Excerpts from a dataset
----------
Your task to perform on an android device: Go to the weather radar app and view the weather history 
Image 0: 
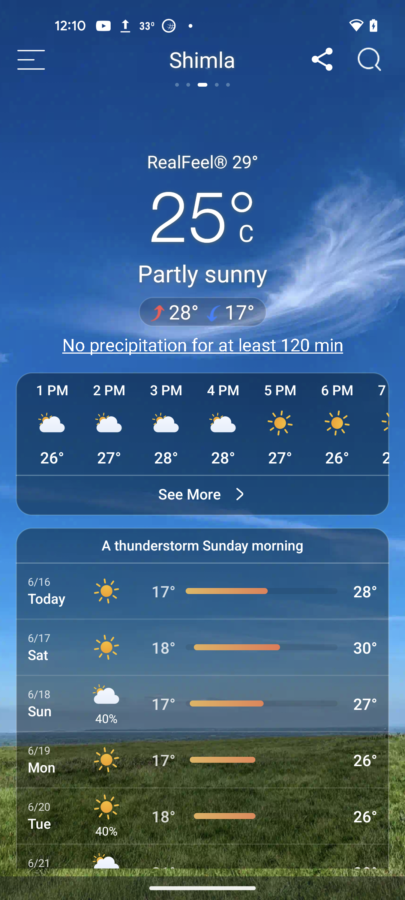
open weather & radar app
Step 0: open app "Weather&Radar"
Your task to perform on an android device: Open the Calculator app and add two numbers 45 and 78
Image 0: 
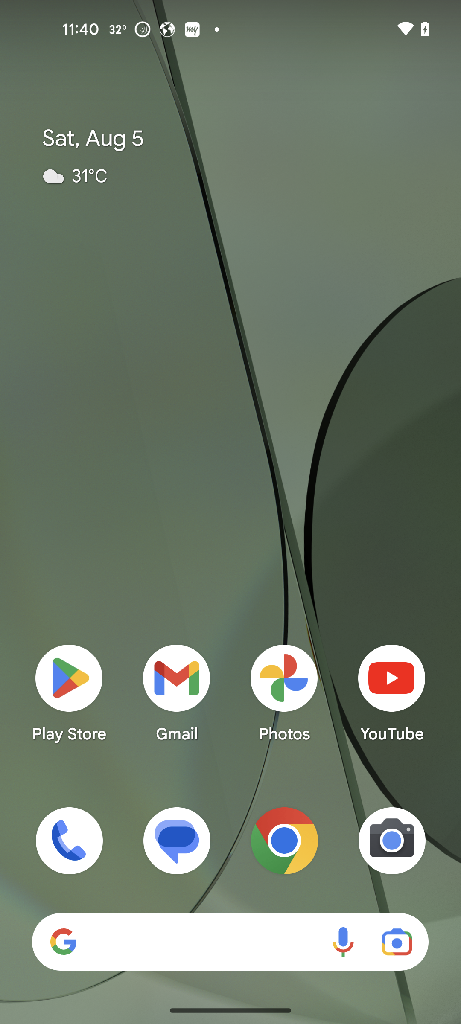
Open the Calculator app
Step 0: open app "Calculator"
Image 1: 
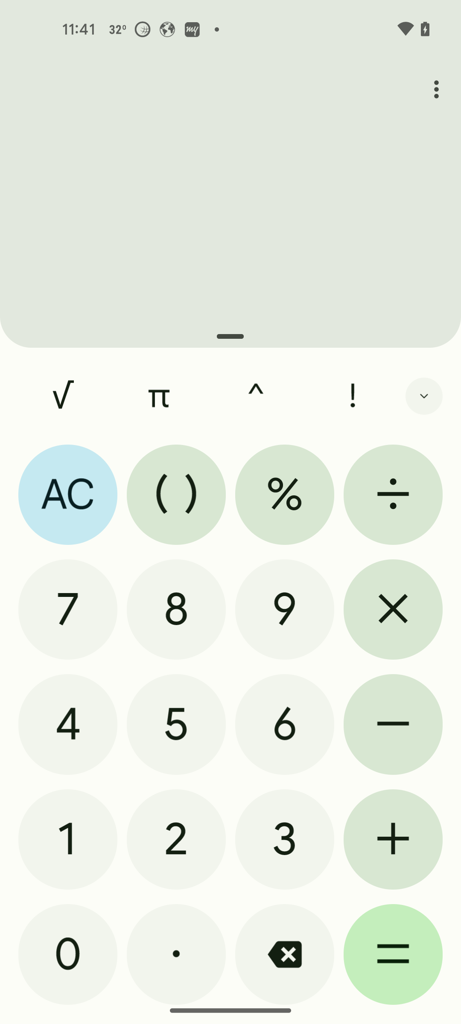
select 4 number
Step 1: click (67, 724)
Image 2: 
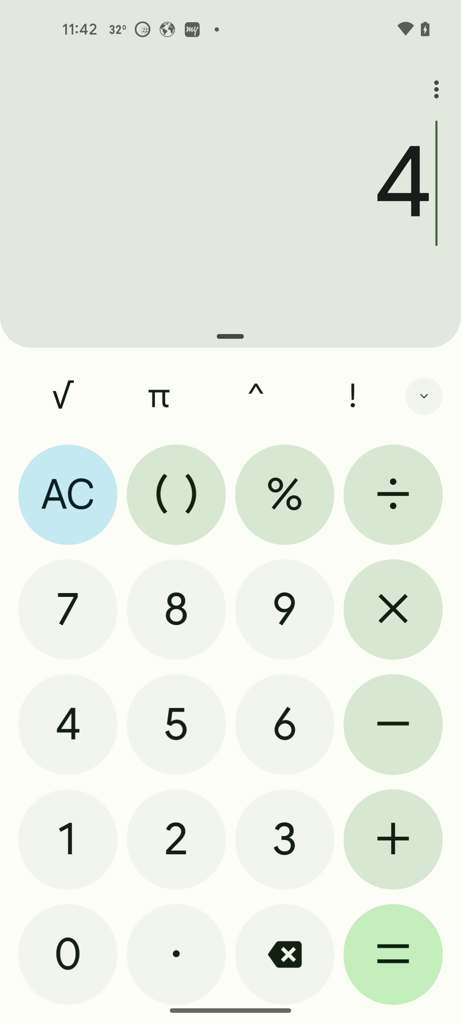
select 5 number
Step 2: click (176, 724)
Image 3: 
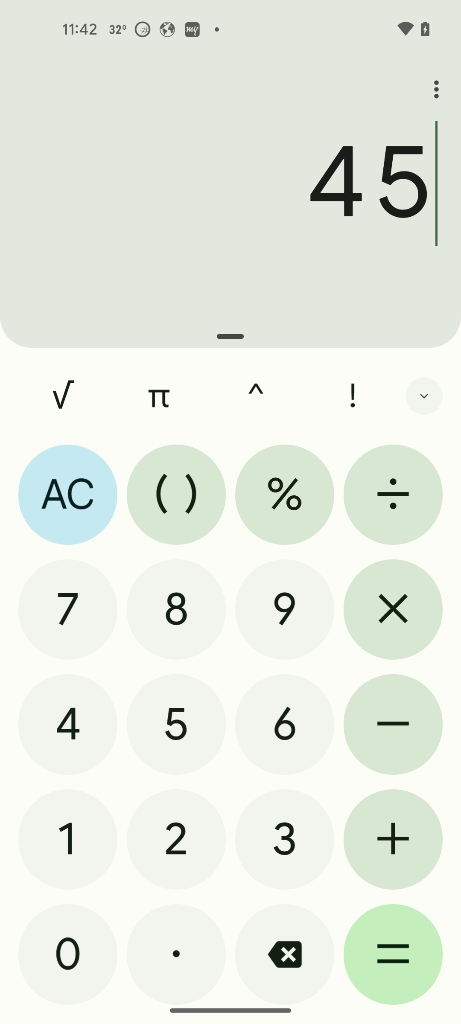
select plus button
Step 3: click (393, 839)
Image 4: 
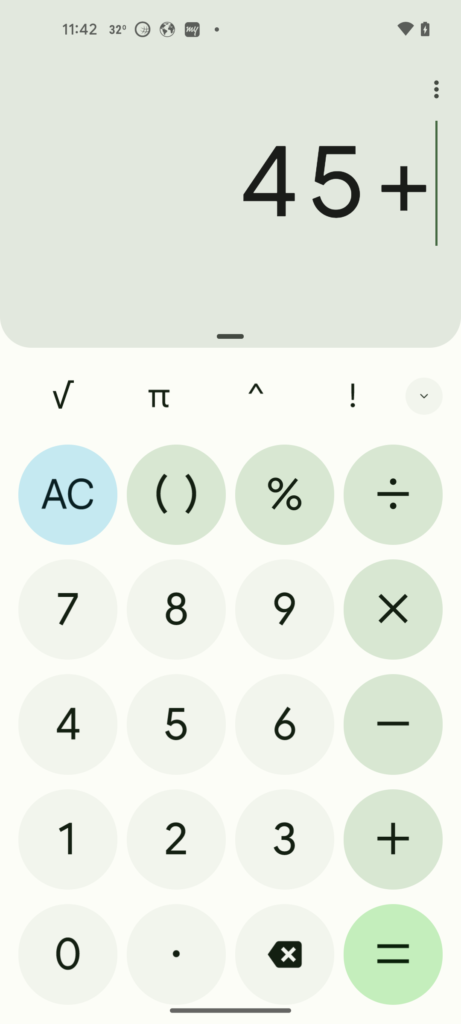
click on 7 number
Step 4: click (67, 609)
Image 6: 
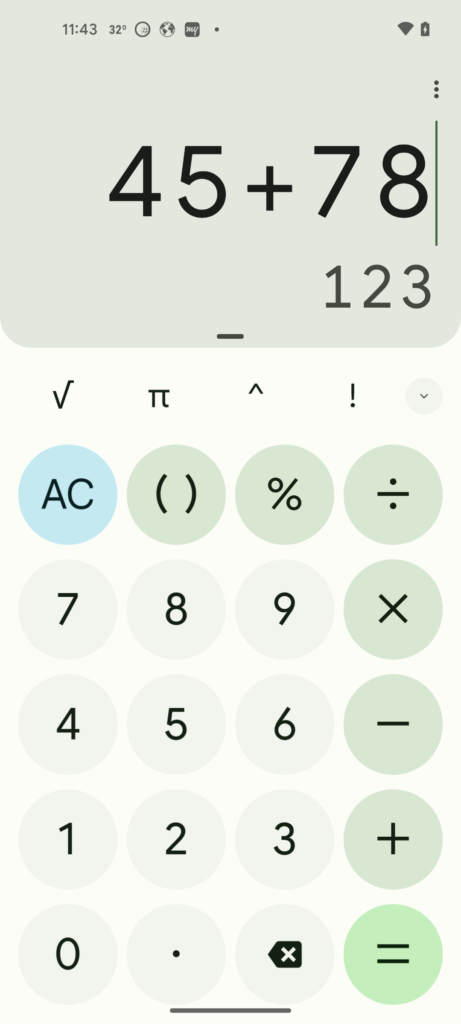
click on equal button
Step 6: click (393, 954)
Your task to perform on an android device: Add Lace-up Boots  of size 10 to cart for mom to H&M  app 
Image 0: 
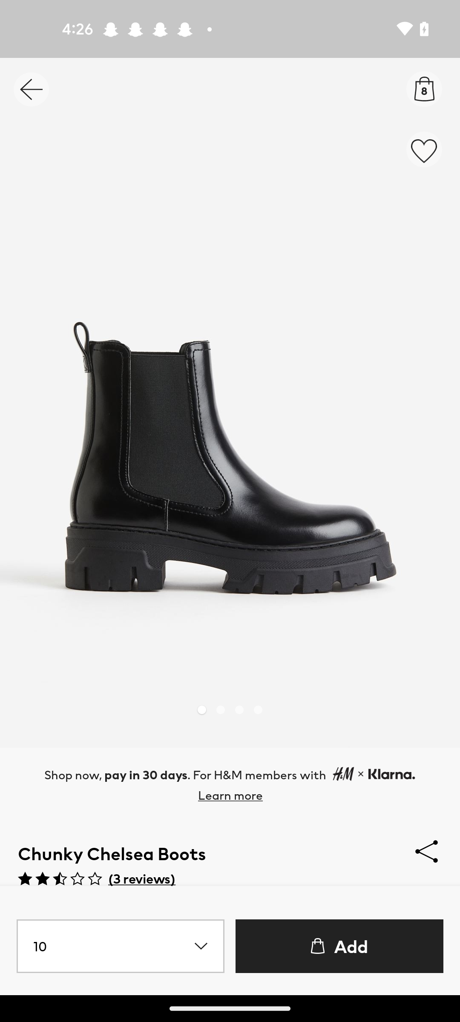
Go back to previous page 
Step 0: press back button
Image 1: 
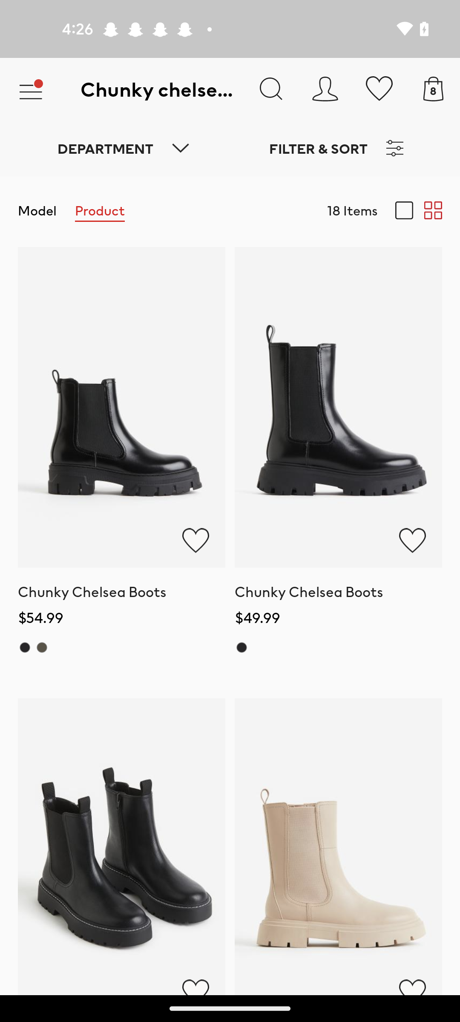
Click on the search icon at the top of the screen 
Step 1: click (271, 89)
Image 2: 
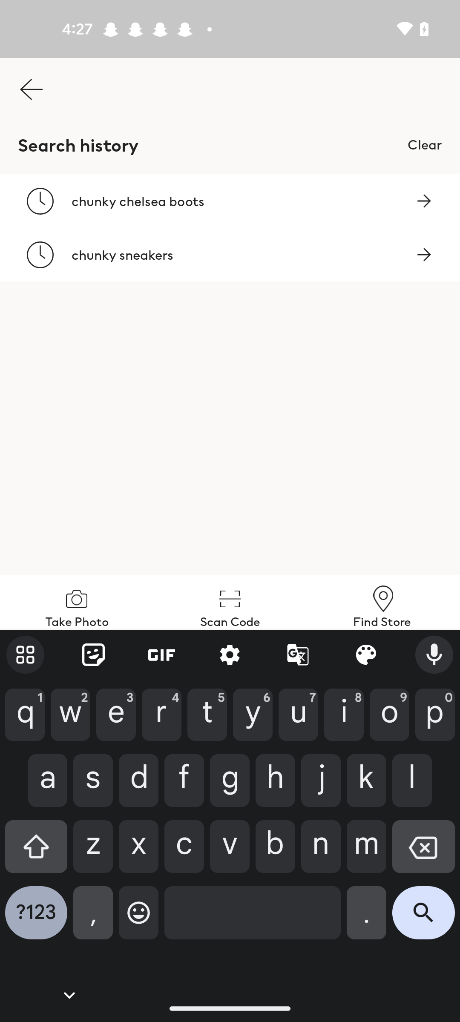
Enter a Lace-up Boots
Step 2: type "Lace-up Boots"
Image 4: 
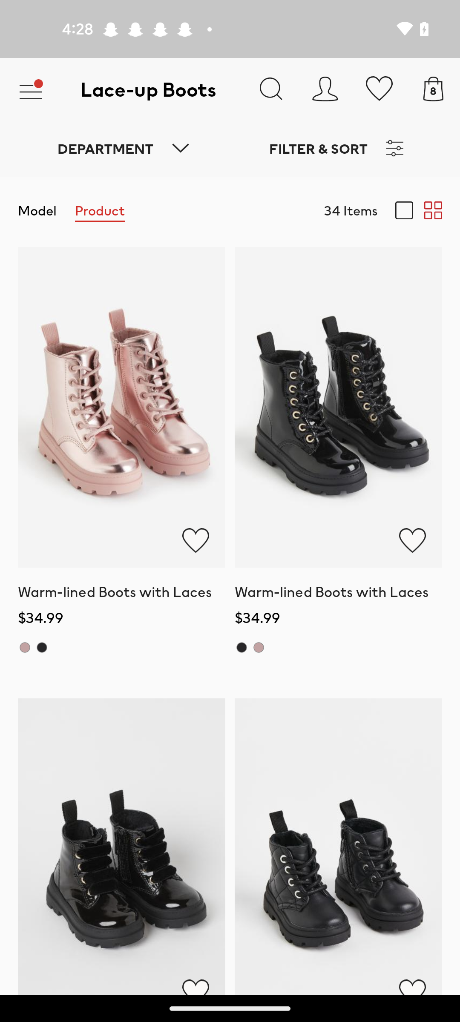
Swipe up
Step 4: scroll down
Image 6: 
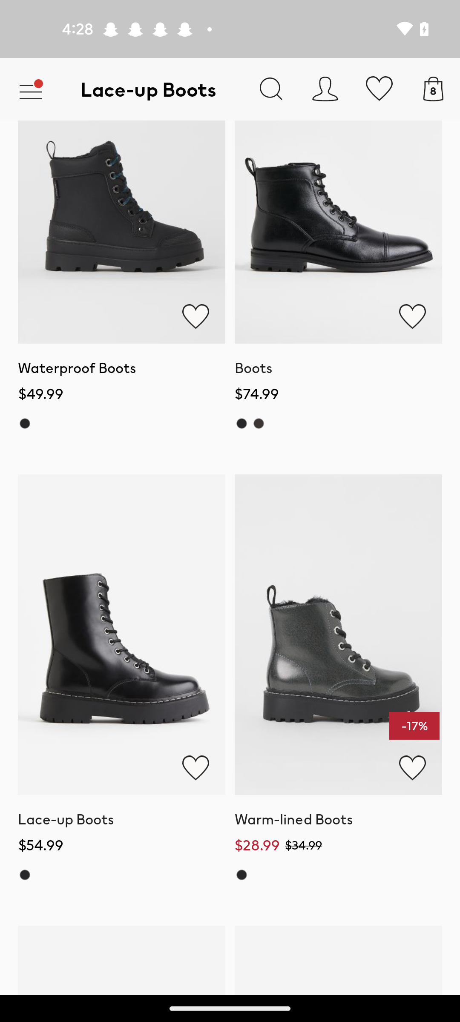
Click on the Lace-up Boots option of the screen 
Step 6: click (124, 634)
Image 8: 
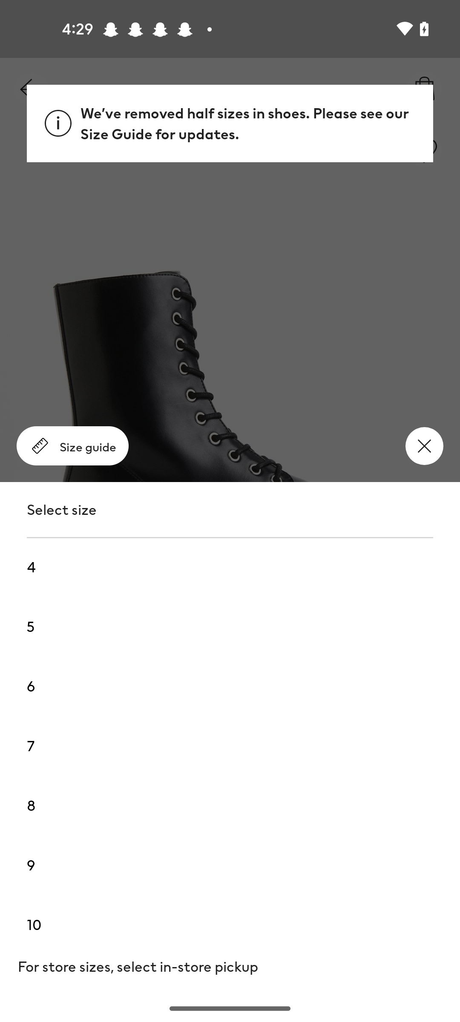
Select the size 10
Step 8: click (212, 917)
Image 9: 
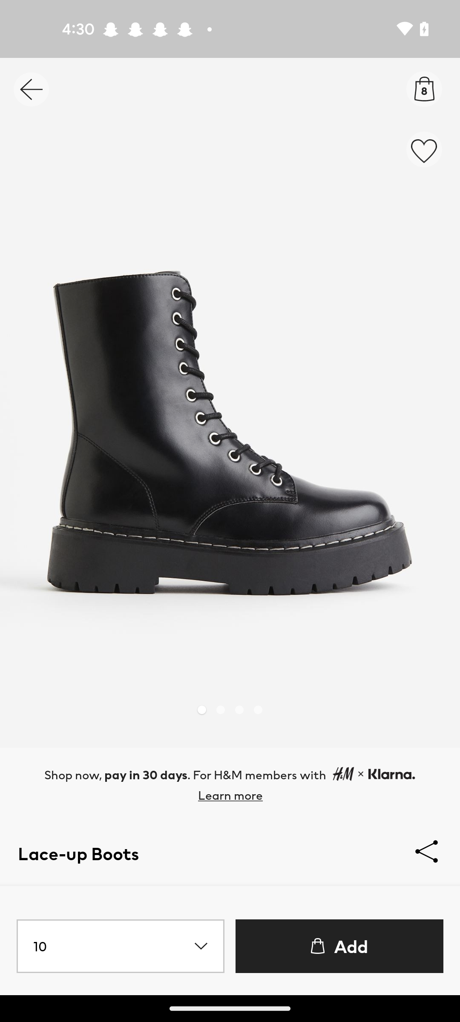
Click on the Add to bag tab of the screen 
Step 9: click (351, 946)
Image 10: 
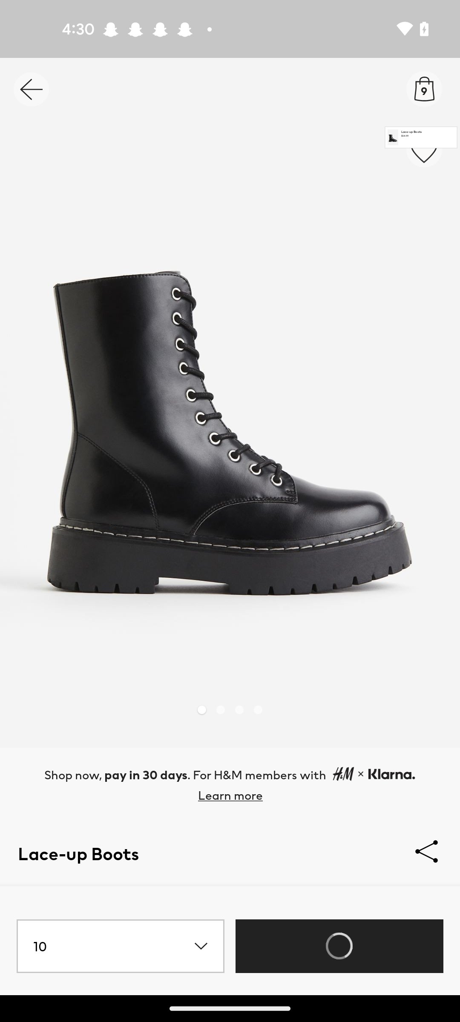
Click on the Add to bag tab of the screen 
Step 10: wait
----------
ABOUT THIS EXERCISE |
The copy should hold only the lines from the one with "Go back to previous page" through the one with "Click on the Lace-up", exactly as they stand above. Leave out the pictures.

COMPLETED TASK |
Go back to previous page 
Step 0: press back button
Image 1: 
Click on the search icon at the top of the screen 
Step 1: click (271, 89)
Image 2: 
Enter a Lace-up Boots
Step 2: type "Lace-up Boots"
Image 4: 
Swipe up
Step 4: scroll down
Image 6: 
Click on the Lace-up Boots option of the screen 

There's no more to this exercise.